‘There was no empathy or humanity in his death. This was not an anomaly.’
Five days after George Floyd was killed by Minneapolis police officers, Gov. Tony Evers said in a statement Friday that Floyd’s “life matters and his family deserves justice,” while also saying we must “confront our comfortability with racism.”
“Earlier this week, another Black life was extinguished before our eyes. His name was George Floyd. He was 46. His life matters and his family deserves justice,” said Evers.
Evers joins a growing chorus of voices from law enforcement officers from across Wisconsin in condemning the actions that led to Floyd’s death.
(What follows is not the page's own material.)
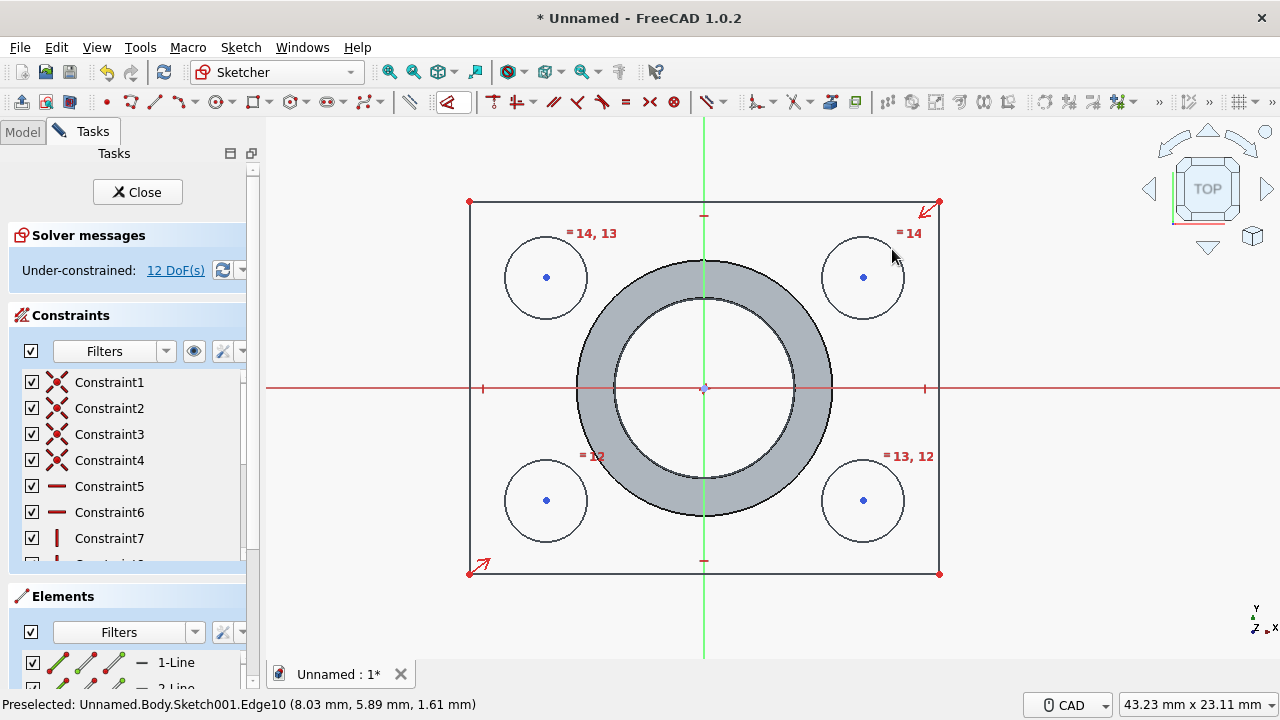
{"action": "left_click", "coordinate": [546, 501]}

Floyd was killed Monday after officers were called to investigate alleged forgery at Cup Foods, a grocery store.
He was unarmed. He died after officers placed him face down in the street and an officer kept him in that position for over eight minutes with his knee on his neck.
“There was no empathy or humanity in his death,” said Evers. “This was not an anomaly. We hear the echo of the words of Eric Garner.”
Garner was killed following an encounter with New York police officers in 2014. His death, like Floyd’s, was filmed by witnesses. An officer held Garner in a choke hold. Like Floyd, Garner’s last words were “I can’t breathe.”
Evers cited the deaths of Black Wisconsinites like Dontre Hamilton, Ernest Lacy and Sylville Smith who also died after encounters with police officers.
Hamilton was killed April 30, 2014, after a Starbucks employee called the police on him for sleeping in Red Arrow Park in Milwaukee. Hamilton, who suffered from schizophrenia, was shot 14 times by a Milwaukee police officer. The officer was fired for his actions leading up to the shooting, but not for his use of force.
Lacy died in June of 1981. He was stopped by police investigating a rape that was later discovered he did not commit. He died of respiratory distress in the police van.
Smith was shot and killed by a Milwaukee police officer in August of 2016. The officer was fired for a separate incident related to sexual assault.
“Frustration and anger about systemic injustices are always justified,” Evers said. “Folks in Wisconsin should be able to protest peacefully and to report on these events without the fear of being unsafe or arrested.”
“We must see the trauma, fear, and exhaustion of being Black in our state and our country. We must offer our empathy, we must offer our support, but most of all we must offer our action. The solution isn’t in one person, it’s in all of us, together,” said Evers.
“We must confront our comfortability with racism. We must reestablish trust with communities of color,” he added. “We must be willing to listen, we must be willing to be uncomfortable, we must be willing to do the work.”